Fig. 5.

In vivo uptake and phenotypic characterization. (A) Uptake of f-MWNTs in draining popliteal lymph nodes. C57BL/6 mice (n = 3) were injected via the footpad with 100 μg of f-MWNTs, and the draining popliteal lymph nodes were dissected 24 h later. The isolated lymph node cells were stained for DCs using PE anti-CD11c (PE-CD11c) and analyzed using ImageStream analysis. Scatter plot of lymph node cells isolated from S^−/+ injected mouse is shown, as a representative plot, illustrating the gating strategy applied to determine the f-MWNT^+ ve and CD11c^+ ve cells based on the reduction in bright-field intensity and the increase in PE-CD11c fluorescence intensity, respectively (cell images are shown in an inset). (B) Quantification of f-MWNTs uptake in popliteal lymph nodes. (Left) Percentage of f-MWNT^+ ve cells in the whole cell population. (Right) Percentage of f-MWNT^+ ve cells in the CD11c^+ ve cells. (C) Uptake and processing of f-MWNT conjugated OVA in draining popliteal lymph nodes. C57BL/6 mice (n = 3) were injected with MWNTs(DQ-OVA), each contained 10 μg DQ-OVA. The isolated lymph node cells were stained with PE-CD11c and analyzed using flow cytometry. (Left) Representative histograms showing the processed DQ-OVA fluorescence, determined using the FL-1 detector. (Right) The MFI of processed DQ-OVA. (D) Effect of MWNTs-OVA on CD11c^+ ve lymph node cells phenotypes.
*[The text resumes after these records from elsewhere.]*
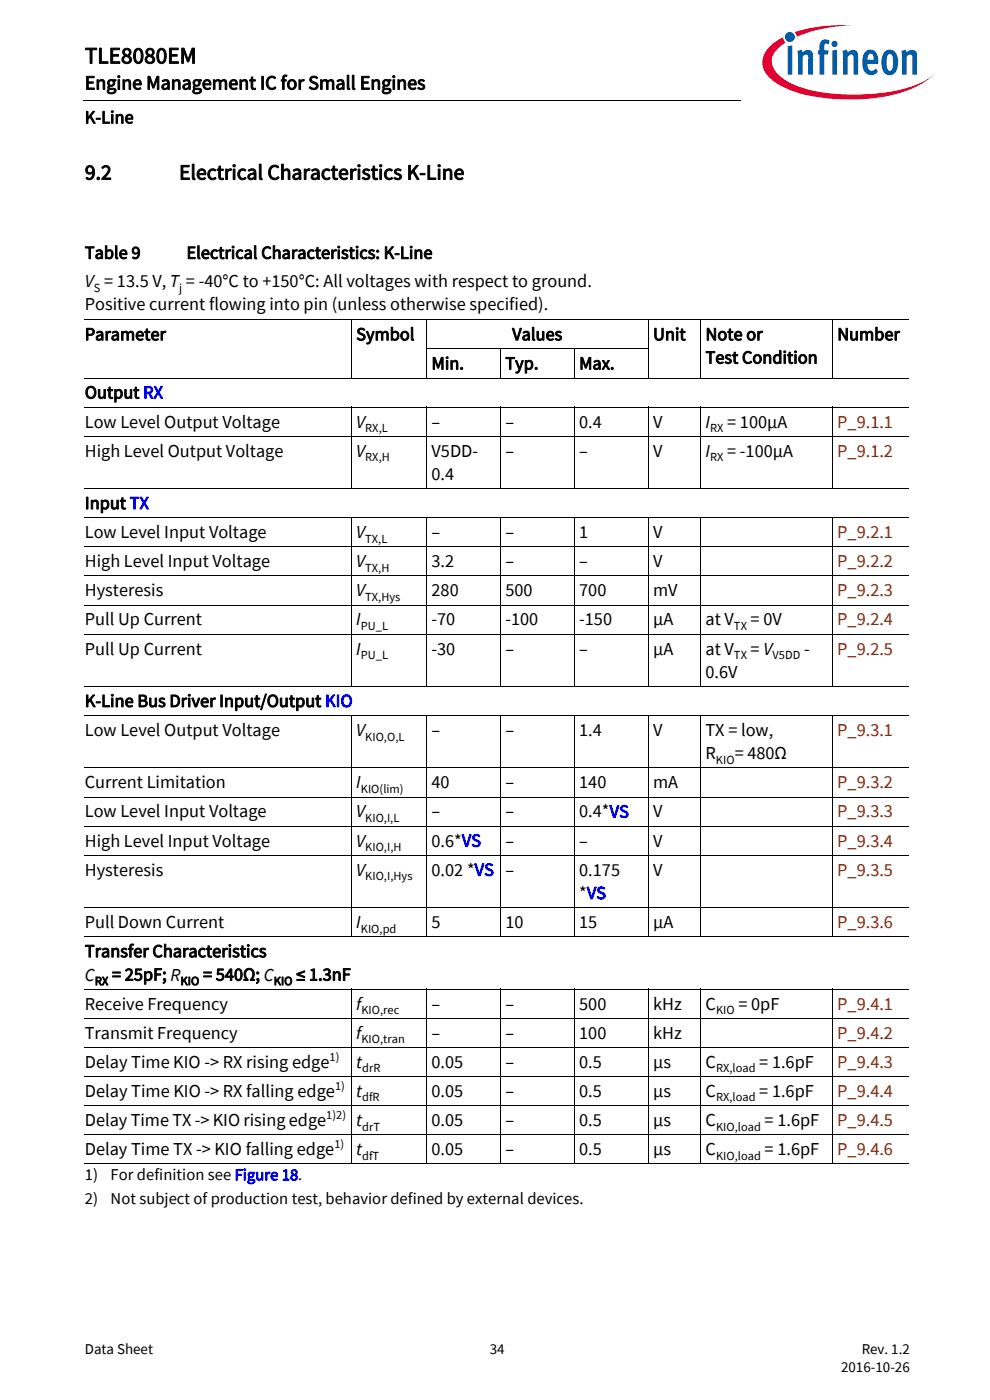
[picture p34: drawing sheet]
<svg xmlns="http://www.w3.org/2000/svg" width="210mm" height="297mm" viewBox="0 0 210 297" stroke-linecap="round" stroke-linejoin="round" font-family="sans-serif">
<defs><g id="words">
<text font-size="4.9" x="18" y="13.4">TLE8080EM</text>
<g font-size="4.6">
<text x="18" y="38.1">9.2</text>
<text x="38" y="38.1">Electrical Characteristics K-Line</text>
</g>
<text font-size="4.2" x="18" y="19">Engine Management IC for Small Engines</text>
<g font-size="3.9">
<text x="18" y="26.2">K-Line</text>
<text x="18" y="54.9">Table 9</text>
<text x="39.6" y="54.9">Electrical Characteristics: K-Line</text>
<text x="18" y="65.8">Positive current flowing into pin (unless otherwise specified).</text>
<text x="18" y="60.9">V = 13.5 V, T = -40°C to +150°C: All voltages with respect to ground.</text>
<text x="18" y="72.2">Parameter</text>
<text x="75.6" y="72.2">Symbol</text>
<text x="108.6" y="72.2">Values</text>
<text x="138.5" y="72.2">Unit</text>
<text x="149.6" y="72.2">Note or</text>
<text x="149.6" y="77.1">Test Condition</text>
<text x="177.6" y="72.2">Number</text>
<text x="91.5" y="78.4">Min.</text>
<text x="107.2" y="78.4">Typ.</text>
<text x="122.8" y="78.4">Max.</text>
<text x="18" y="84.5">Output RX</text>
<text x="18" y="90.7">Low Level Output Voltage</text>
<text x="75.6" y="90.7">V</text>
<text x="91.5" y="90.7">–</text>
<text x="107.2" y="90.7">–</text>
<text x="122.9" y="90.7">0.4</text>
<text x="138.5" y="90.7">V</text>
<text x="149.6" y="90.7">I</text>
<text x="154.2" y="90.7">= 100µA</text>
<text x="18" y="96.9">High Level Output Voltage</text>
<text x="75.6" y="96.9">V</text>
<text x="91.5" y="96.9">V5DD-</text>
<text x="91.5" y="101.8">0.4</text>
<text x="107.2" y="96.9">–</text>
<text x="122.9" y="96.9">–</text>
<text x="138.5" y="96.9">V</text>
<text x="149.6" y="96.9">I</text>
<text x="154.2" y="96.9">= -100µA</text>
<text x="18" y="108">Input TX</text>
<text x="18" y="114.2">Low Level Input Voltage</text>
<text x="75.6" y="114.2">V</text>
<text x="91.5" y="114.2">–</text>
<text x="107.2" y="114.2">–</text>
<text x="122.9" y="114.2">1</text>
<text x="138.5" y="114.2">V</text>
<text x="18" y="120.3">High Level Input Voltage</text>
<text x="75.6" y="120.3">V</text>
<text x="91.5" y="120.3">3.2</text>
<text x="107.2" y="120.3">–</text>
<text x="122.9" y="120.3">–</text>
<text x="138.5" y="120.3">V</text>
<text x="18" y="126.5">Hysteresis</text>
<text x="75.6" y="126.5">V</text>
<text x="91.5" y="126.5">280</text>
<text x="107.2" y="126.5">500</text>
<text x="122.9" y="126.5">700</text>
<text x="138.5" y="126.5">mV</text>
<text x="18" y="132.7">Pull Up Current</text>
<text x="75.6" y="132.7">I</text>
<text x="91.5" y="132.7">-70</text>
<text x="107.2" y="132.7">-100</text>
<text x="122.9" y="132.7">-150</text>
<text x="138.5" y="132.7">µA</text>
<text x="149.7" y="132.7">at V</text>
<text x="159.2" y="132.7">= 0V</text>
<text x="18" y="138.9">Pull Up Current</text>
<text x="75.6" y="138.9">I</text>
<text x="91.5" y="138.9">-30</text>
<text x="107.2" y="138.9">–</text>
<text x="122.9" y="138.9">–</text>
<text x="138.5" y="138.9">µA</text>
<text x="149.6" y="143.8">0.6V</text>
<text x="149.7" y="138.9">at V</text>
<text x="159.2" y="138.9">= V</text>
<text x="170.6" y="138.9">-</text>
<text x="18" y="150">K-Line Bus Driver Input/Output KIO</text>
<text x="18" y="156.1">Low Level Output Voltage</text>
<text x="75.6" y="156.1">V</text>
<text x="91.5" y="156.1">–</text>
<text x="107.2" y="156.1">–</text>
<text x="122.9" y="156.1">1.4</text>
<text x="138.5" y="156.1">V</text>
<text x="149.6" y="156.1">TX = low,</text>
<text x="149.6" y="161.1">R</text>
<text x="155.8" y="161.1">= 480Ω</text>
<text x="18" y="167.3">Current Limitation</text>
<text x="75.6" y="167.3">I</text>
<text x="91.5" y="167.3">40</text>
<text x="107.2" y="167.3">–</text>
<text x="122.9" y="167.3">140</text>
<text x="138.5" y="167.3">mA</text>
<text x="18" y="173.4">Low Level Input Voltage</text>
<text x="75.6" y="173.4">V</text>
<text x="91.5" y="173.4">–</text>
<text x="107.2" y="173.4">–</text>
<text x="122.9" y="173.4">0.4*VS</text>
<text x="138.5" y="173.4">V</text>
<text x="18" y="179.6">High Level Input Voltage</text>
<text x="75.6" y="179.6">V</text>
<text x="91.5" y="179.6">0.6*VS</text>
<text x="107.2" y="179.6">–</text>
<text x="122.9" y="179.6">–</text>
<text x="138.5" y="179.6">V</text>
<text x="18" y="185.8">Hysteresis</text>
<text x="75.6" y="185.8">V</text>
<text x="91.5" y="185.8">0.02 *VS</text>
<text x="107.2" y="185.8">–</text>
<text x="122.9" y="185.8">0.175</text>
<text x="138.5" y="185.8">V</text>
<text x="122.9" y="190.7">*VS</text>
<text x="18" y="196.9">Pull Down Current</text>
<text x="75.6" y="196.9">I</text>
<text x="91.5" y="196.9">5</text>
<text x="107.2" y="196.9">10</text>
<text x="122.9" y="196.9">15</text>
<text x="138.5" y="196.9">µA</text>
<text x="18" y="203.1">Transfer Characteristics</text>
<text x="18" y="208">C</text>
<text x="23.7" y="208">= 25pF; R</text>
<text x="43.1" y="208">= 540Ω; C</text>
<text x="62.8" y="208">≤ 1.3nF</text>
<text x="18" y="214.2">Receive Frequency</text>
<text x="75.6" y="214.2">f</text>
<text x="91.5" y="214.2">–</text>
<text x="107.2" y="214.2">–</text>
<text x="122.9" y="214.2">500</text>
<text x="138.5" y="214.2">kHz</text>
<text x="149.6" y="214.2">C</text>
<text x="156.6" y="214.2">= 0pF</text>
<text x="18" y="220.3">Transmit Frequency</text>
<text x="75.6" y="220.3">f</text>
<text x="91.5" y="220.3">–</text>
<text x="107.2" y="220.3">–</text>
<text x="122.9" y="220.3">100</text>
<text x="138.5" y="220.3">kHz</text>
<text x="18" y="226.5">Delay Time KIO -&gt; RX rising edge</text>
<text x="75.6" y="226.5">t</text>
<text x="91.5" y="226.5">0.05</text>
<text x="107.2" y="226.5">–</text>
<text x="122.9" y="226.5">0.5</text>
<text x="138.5" y="226.5">µs</text>
<text x="149.6" y="226.5">C</text>
<text x="161" y="226.5">= 1.6pF</text>
<text x="18" y="232.7">Delay Time KIO -&gt; RX falling edge</text>
<text x="75.6" y="232.7">t</text>
<text x="91.5" y="232.7">0.05</text>
<text x="107.2" y="232.7">–</text>
<text x="122.9" y="232.7">0.5</text>
<text x="138.5" y="232.7">µs</text>
<text x="149.6" y="232.7">C</text>
<text x="161" y="232.7">= 1.6pF</text>
<text x="18" y="238.9">Delay Time TX -&gt; KIO rising edge</text>
<text x="75.6" y="238.9">t</text>
<text x="91.5" y="238.9">0.05</text>
<text x="107.2" y="238.9">–</text>
<text x="122.9" y="238.9">0.5</text>
<text x="138.5" y="238.9">µs</text>
<text x="149.6" y="238.9">C</text>
<text x="162.2" y="238.9">= 1.6pF</text>
<text x="18" y="245">Delay Time TX -&gt; KIO falling edge</text>
<text x="75.6" y="245">t</text>
<text x="91.5" y="245">0.05</text>
<text x="107.2" y="245">–</text>
<text x="122.9" y="245">0.5</text>
<text x="138.5" y="245">µs</text>
<text x="149.6" y="245">C</text>
<text x="162.2" y="245">= 1.6pF</text>
</g>
<g font-size="3.9" fill="#802600">
<text x="177.6" y="90.7">P_9.1.1</text>
<text x="177.6" y="96.9">P_9.1.2</text>
<text x="177.6" y="114.2">P_9.2.1</text>
<text x="177.6" y="120.3">P_9.2.2</text>
<text x="177.6" y="126.5">P_9.2.3</text>
<text x="177.6" y="132.7">P_9.2.4</text>
<text x="177.6" y="138.9">P_9.2.5</text>
<text x="177.6" y="156.1">P_9.3.1</text>
<text x="177.6" y="167.3">P_9.3.2</text>
<text x="177.6" y="173.4">P_9.3.3</text>
<text x="177.6" y="179.6">P_9.3.4</text>
<text x="177.6" y="185.8">P_9.3.5</text>
<text x="177.6" y="196.9">P_9.3.6</text>
<text x="177.6" y="214.2">P_9.4.1</text>
<text x="177.6" y="220.3">P_9.4.2</text>
<text x="177.6" y="226.5">P_9.4.3</text>
<text x="177.6" y="232.7">P_9.4.4</text>
<text x="177.6" y="238.9">P_9.4.5</text>
<text x="177.6" y="245">P_9.4.6</text>
</g>
<g font-size="3.5">
<text x="18" y="250.4">1)</text>
<text x="23.5" y="250.4">For definition see Figure 18.</text>
<text x="18" y="255.3">2)</text>
<text x="23.5" y="255.3">Not subject of production test, behavior defined by external devices.</text>
</g>
<g font-size="3.2">
<text x="18" y="287.3">Data Sheet</text>
<text x="103.9" y="287.3">34</text>
<text x="182.8" y="287.3">Rev. 1.2</text>
<text x="178.4" y="291.2">2016-10-26</text>
</g>
<g font-size="2.6">
<text x="19.9" y="61.9">S</text>
<text x="38" y="61.9">j</text>
<text x="77.5" y="91.7">RX,L</text>
<text x="150.6" y="91.7">RX</text>
<text x="77.5" y="97.8">RX,H</text>
<text x="150.6" y="97.8">RX</text>
<text x="77.5" y="115.1">TX,L</text>
<text x="77.5" y="121.3">TX,H</text>
<text x="77.5" y="127.5">TX,Hys</text>
<text x="76.5" y="133.6">PU_L</text>
<text x="155.7" y="133.6">TX</text>
<text x="76.5" y="139.8">PU_L</text>
<text x="155.7" y="139.8">TX</text>
<text x="163.9" y="139.8">V5DD</text>
<text x="77.5" y="157.1">KIO,O,L</text>
<text x="151.8" y="162.1">KIO</text>
<text x="76.5" y="168.2">KIO(lim)</text>
<text x="77.5" y="174.4">KIO,I,L</text>
<text x="77.5" y="180.6">KIO,I,H</text>
<text x="77.5" y="186.8">KIO,I,Hys</text>
<text x="76.5" y="197.9">KIO,pd</text>
<text x="20.1" y="209">RX</text>
<text x="38.3" y="209">KIO</text>
<text x="58.1" y="209">KIO</text>
<text x="76.6" y="215.1">KIO,rec</text>
<text x="151.9" y="215.1">KIO</text>
<text x="76.6" y="221.3">KIO,tran</text>
<text x="69.9" y="225">1)</text>
<text x="76.8" y="227.5">drR</text>
<text x="151.9" y="227.5">RX,load</text>
<text x="71.1" y="231.1">1)</text>
<text x="76.8" y="233.7">dfR</text>
<text x="151.9" y="233.7">RX,load</text>
<text x="69.2" y="237.3">1)2)</text>
<text x="76.8" y="239.8">drT</text>
<text x="151.9" y="239.8">KIO,load</text>
<text x="70.9" y="243.5">1)</text>
<text x="76.8" y="246">dfT</text>
<text x="151.9" y="246">KIO,load</text>
</g>
</g></defs>
<path d="M17.7 21.3l.1 .1z" fill="#000"/>
<path d="M17.8 21.4h140.5" fill="none" stroke="#000" stroke-width=".21"/>
<path d="M157.3 5.1h42.7v21.5h-42.7z" fill="#fff"/>
<path d="M168.6 6.8l.4 1 1.4-.5a31.9 31.9 0 0 1 10.7-1.9 32.2 32.2 0 0 0-12.5 1.4zM163.4 9.8a4.3 4.3 0 0 0 0 6.9 21.8 21.8 0 0 0 11.7 4.1 38.5 38.5 0 0 0 18.7-2.1 14.3 14.3 0 0 0 4.2-2.8 18.4 18.4 0 0 1-8.8 3.5 40.4 40.4 0 0 1-20.2-1.2l-1.6-.7a6.4 6.4 0 0 1-3.7-4.4 5.1 5.1 0 0 1 2.9-4.1l-.3-.3-.2-.8-1 .5z" fill-rule="evenodd" fill="#e30034"/>
<path d="M166.5 7.8a1.06 1.06 0 0 0 2.1 0 1.06 1.06 0 0 0-2.1 0zM167.1 9.8v6h.9v-6.2zM169.1 10.8l.2 1.3v3.7h.9v-3.8l.7-.4h.3l.2 .3v3.9h1v-3.9a1.21 1.21 0 0 0-.8-1.3 1.21 1.21 0 0 0-1.4 .5l-.1-.6zM174.3 8.6a2.41 2.41 0 0 0-.5 2.1h-.3v.9h.3v4.2h1v-4.2h.8l.2-.9h-1v-.9a.49 .49 0 0 1 .3-.6 .49 .49 0 0 1 .6 .2l.3-.7a1.45 1.45 0 0 0-1.7-.1zM176.5 10.7v5.1h1v-5.2zM176.3 9.3a.7 .7 0 0 0 1.4 0 .7 .7 0 0 0-1.4 0zM178.7 10.8l.1 5h1v-3.8a.64 .64 0 0 1 .5-.5 .64 .64 0 0 1 .7 .4v3.9h1v-3.9a1.22 1.22 0 0 0-.8-1.3 1.22 1.22 0 0 0-1.4 .5l-.2-.6zM183.7 10.8a3.9 3.9 0 0 0-.1 4.7 1.76 1.76 0 0 0 2.6-.3l-.4-.7a.99 .99 0 0 1-1.6 .1l-.2-1.1h2.3v-.2a2.3 2.3 0 0 0-1.5-2.8h-.5zM184.2 11.7a.65 .65 0 0 1 .9-.2 .65 .65 0 0 1 .2 .9v.3h-1.3zM187.7 10.9a3.9 3.9 0 0 0 .1 4.8 1.68 1.68 0 0 0 2.6-1.5 3.8 3.8 0 0 0-.7-3.3 1.59 1.59 0 0 0-2 0zM188.4 11.6l.2-.1a.86 .86 0 0 1 .8 1.2v.7a1.26 1.26 0 0 1-.6 1.6 2.12 2.12 0 0 1-.7-2.3l.1-.9zM191.2 10.8l.1 5h1v-3.8l.7-.4h.3l.2 .3v3.9h1v-4.2a1.08 1.08 0 0 0-.6-1 1.08 1.08 0 0 0-1.3 .2l-.4 .3v-.6z" fill-rule="evenodd" fill="#005da9"/>
<g fill="none" stroke="#000" stroke-width=".21">
<path d="M18 67.8h174.8M74.5 67.8v12.4M90.4 74h47.1M90.5 67.8v12.4M106.1 74v6.2M121.8 74v6.2M137.5 67.8v12.4M148.6 67.8v12.4M176.5 67.8v12.4M18 80.2h174.8M18 86.4h174.8M18 92.5h174.8"/>
<path d="M74.5 86.3v17.4M90.5 86.3v17.4M106.1 86.3v17.4M121.8 86.3v17.4M137.5 86.3v17.4M148.6 86.3v17.4M176.5 86.3v17.4M18 103.6h174.8M18 109.8h174.8M18 116h174.8M74.5 109.8v35.9M90.5 109.8v35.9"/>
<path d="M106.1 109.8v35.9M121.8 109.8v35.9M137.5 109.8v35.9M148.6 109.8v35.9M176.5 109.8v35.9M18 122.2h174.8M18 128.3h174.8M18 134.5h174.8M18 145.6h174.8M18 151.8h174.8M74.5 151.7v47.1M90.5 151.7v47.1"/>
<path d="M106.1 151.7v47.1M121.8 151.7v47.1M137.5 151.7v47.1M148.6 151.7v47.1M176.5 151.7v47.1M18 162.9h174.8M18 169.1h174.8M18 175.3h174.8M18 181.4h174.8M18 192.5h174.8M18 198.7h174.8M18 209.8h174.8"/>
<path d="M18 216h174.8M74.5 209.8v37.1M90.5 209.8v37.1M106.1 209.8v37.1M121.8 209.8v37.1M137.5 209.8v37.1M148.6 209.8v37.1M176.5 209.8v37.1M18 222.2h174.8M18 228.4h174.8M18 234.5h174.8M18 240.7h174.8"/>
<path d="M18 246.9h174.8"/>
</g>
<use href="#words"/>
</svg>

C57BL/6 mice (n = 2) were injected with OVA or MWNTs-OVA, each at 50 μg OVA. The isolated lymph node cells were stained with fluorescently-labeled antibodies and analyzed using flow cytometry. The MFI of the positive cells was determined to measure the fold change in the MFI of each marker compared to the naive cells. Results are expressed as mean ± S.D. Statistical analyses were performed using one-way ANOVA with Bonferroni post-test.